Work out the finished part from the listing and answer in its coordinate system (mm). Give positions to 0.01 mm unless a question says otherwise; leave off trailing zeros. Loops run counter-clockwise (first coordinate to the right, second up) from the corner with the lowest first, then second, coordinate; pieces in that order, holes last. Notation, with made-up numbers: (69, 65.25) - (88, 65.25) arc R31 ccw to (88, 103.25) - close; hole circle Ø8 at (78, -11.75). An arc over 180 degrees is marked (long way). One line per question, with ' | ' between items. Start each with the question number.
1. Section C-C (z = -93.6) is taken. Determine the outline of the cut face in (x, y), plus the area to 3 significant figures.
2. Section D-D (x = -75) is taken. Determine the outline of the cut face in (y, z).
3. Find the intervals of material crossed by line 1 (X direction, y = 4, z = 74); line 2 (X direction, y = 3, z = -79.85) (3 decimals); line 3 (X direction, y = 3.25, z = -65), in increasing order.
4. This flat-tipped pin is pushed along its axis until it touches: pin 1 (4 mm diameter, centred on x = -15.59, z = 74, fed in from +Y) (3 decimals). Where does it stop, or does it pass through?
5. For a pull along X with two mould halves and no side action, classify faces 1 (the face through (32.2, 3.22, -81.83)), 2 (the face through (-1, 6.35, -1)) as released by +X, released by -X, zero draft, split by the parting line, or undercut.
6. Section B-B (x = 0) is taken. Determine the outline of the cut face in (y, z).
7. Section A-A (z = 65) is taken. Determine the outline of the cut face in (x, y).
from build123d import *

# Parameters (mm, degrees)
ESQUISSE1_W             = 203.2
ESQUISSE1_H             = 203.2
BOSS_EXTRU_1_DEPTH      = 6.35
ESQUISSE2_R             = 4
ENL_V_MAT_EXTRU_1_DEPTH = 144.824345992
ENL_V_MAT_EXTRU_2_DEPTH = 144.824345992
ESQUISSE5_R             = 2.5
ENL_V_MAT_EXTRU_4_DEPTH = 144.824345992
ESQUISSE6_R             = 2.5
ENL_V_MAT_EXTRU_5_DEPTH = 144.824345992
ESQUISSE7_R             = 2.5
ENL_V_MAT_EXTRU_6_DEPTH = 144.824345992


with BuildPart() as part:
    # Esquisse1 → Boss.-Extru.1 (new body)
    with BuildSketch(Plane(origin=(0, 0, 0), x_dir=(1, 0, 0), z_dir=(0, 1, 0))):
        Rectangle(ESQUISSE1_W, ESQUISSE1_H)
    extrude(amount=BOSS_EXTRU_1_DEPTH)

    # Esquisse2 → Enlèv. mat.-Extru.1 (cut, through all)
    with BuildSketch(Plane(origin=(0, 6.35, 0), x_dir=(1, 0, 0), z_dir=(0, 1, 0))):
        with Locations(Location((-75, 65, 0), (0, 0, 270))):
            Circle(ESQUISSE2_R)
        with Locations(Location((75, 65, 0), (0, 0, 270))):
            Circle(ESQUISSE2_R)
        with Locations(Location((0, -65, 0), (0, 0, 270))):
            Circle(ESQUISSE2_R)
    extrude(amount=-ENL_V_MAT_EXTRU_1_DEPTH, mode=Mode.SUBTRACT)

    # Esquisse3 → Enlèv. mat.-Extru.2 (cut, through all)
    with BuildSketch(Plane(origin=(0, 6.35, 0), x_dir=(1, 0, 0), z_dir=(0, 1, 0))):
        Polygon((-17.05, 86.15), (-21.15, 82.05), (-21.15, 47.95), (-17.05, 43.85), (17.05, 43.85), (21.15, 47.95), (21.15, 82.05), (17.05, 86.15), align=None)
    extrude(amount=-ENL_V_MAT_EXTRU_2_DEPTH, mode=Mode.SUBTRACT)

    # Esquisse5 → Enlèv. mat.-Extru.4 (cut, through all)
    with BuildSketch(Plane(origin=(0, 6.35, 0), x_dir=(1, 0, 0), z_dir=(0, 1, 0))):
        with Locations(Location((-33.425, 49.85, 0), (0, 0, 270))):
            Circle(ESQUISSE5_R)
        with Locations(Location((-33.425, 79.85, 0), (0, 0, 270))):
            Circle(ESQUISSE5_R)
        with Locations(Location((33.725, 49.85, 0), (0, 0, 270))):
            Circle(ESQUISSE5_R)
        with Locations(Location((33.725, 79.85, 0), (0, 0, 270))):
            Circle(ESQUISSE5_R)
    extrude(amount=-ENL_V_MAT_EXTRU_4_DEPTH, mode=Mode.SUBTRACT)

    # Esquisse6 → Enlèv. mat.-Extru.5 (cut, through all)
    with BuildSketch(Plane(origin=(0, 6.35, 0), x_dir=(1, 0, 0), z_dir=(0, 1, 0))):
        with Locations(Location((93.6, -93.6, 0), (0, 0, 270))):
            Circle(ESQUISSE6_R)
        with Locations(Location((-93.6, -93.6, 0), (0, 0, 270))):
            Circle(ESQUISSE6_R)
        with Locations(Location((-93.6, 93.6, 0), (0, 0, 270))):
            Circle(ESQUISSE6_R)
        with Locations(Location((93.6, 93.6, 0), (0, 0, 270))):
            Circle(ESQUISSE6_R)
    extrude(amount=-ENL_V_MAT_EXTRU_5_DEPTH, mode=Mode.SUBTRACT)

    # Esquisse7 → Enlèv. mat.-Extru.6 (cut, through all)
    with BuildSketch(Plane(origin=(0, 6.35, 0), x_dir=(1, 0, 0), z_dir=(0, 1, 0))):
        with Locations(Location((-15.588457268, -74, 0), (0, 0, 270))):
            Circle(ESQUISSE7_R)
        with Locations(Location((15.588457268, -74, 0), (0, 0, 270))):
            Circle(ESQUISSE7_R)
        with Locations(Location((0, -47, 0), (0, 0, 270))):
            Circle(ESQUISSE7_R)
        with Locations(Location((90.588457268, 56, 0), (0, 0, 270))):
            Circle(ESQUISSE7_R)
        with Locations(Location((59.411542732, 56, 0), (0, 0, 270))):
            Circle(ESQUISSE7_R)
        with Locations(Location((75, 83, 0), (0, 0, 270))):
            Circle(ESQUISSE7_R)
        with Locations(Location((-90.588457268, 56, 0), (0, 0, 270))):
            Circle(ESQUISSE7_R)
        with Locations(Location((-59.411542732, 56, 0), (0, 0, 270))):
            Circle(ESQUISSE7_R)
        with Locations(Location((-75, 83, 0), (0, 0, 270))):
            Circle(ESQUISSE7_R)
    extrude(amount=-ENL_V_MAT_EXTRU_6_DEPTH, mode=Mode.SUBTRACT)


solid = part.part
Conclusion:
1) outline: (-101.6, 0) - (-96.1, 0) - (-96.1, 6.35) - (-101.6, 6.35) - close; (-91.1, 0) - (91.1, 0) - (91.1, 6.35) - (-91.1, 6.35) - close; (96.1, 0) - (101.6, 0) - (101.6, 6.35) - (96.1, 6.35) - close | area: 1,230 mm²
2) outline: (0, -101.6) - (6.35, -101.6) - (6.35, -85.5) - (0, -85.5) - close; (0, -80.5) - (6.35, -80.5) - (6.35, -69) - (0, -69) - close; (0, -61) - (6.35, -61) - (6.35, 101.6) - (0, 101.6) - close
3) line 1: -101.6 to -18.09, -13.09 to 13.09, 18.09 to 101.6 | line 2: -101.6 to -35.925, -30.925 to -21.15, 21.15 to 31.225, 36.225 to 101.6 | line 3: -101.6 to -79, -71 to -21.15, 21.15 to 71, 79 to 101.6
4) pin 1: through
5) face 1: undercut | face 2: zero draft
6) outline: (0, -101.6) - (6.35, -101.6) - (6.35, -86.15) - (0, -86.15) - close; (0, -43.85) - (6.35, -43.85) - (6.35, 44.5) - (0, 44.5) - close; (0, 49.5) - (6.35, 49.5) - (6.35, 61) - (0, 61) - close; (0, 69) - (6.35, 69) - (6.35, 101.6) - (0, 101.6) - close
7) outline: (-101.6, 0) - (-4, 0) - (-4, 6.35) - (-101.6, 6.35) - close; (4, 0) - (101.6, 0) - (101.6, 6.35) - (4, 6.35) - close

» Problem statement: Your output must be the lines of the material above, from the first through the line that contains "2. Section D-D", copied exactly. Include both endpoints and nothing else.

» Completed task:
Work out the finished part from the listing and answer in its coordinate system (mm). Give positions to 0.01 mm unless a question says otherwise; leave off trailing zeros. Loops run counter-clockwise (first coordinate to the right, second up) from the corner with the lowest first, then second, coordinate; pieces in that order, holes last. Notation, with made-up numbers: (69, 65.25) - (88, 65.25) arc R31 ccw to (88, 103.25) - close; hole circle Ø8 at (78, -11.75). An arc over 180 degrees is marked (long way). One line per question, with ' | ' between items. Start each with the question number.
1. Section C-C (z = -93.6) is taken. Determine the outline of the cut face in (x, y), plus the area to 3 significant figures.
2. Section D-D (x = -75) is taken. Determine the outline of the cut face in (y, z).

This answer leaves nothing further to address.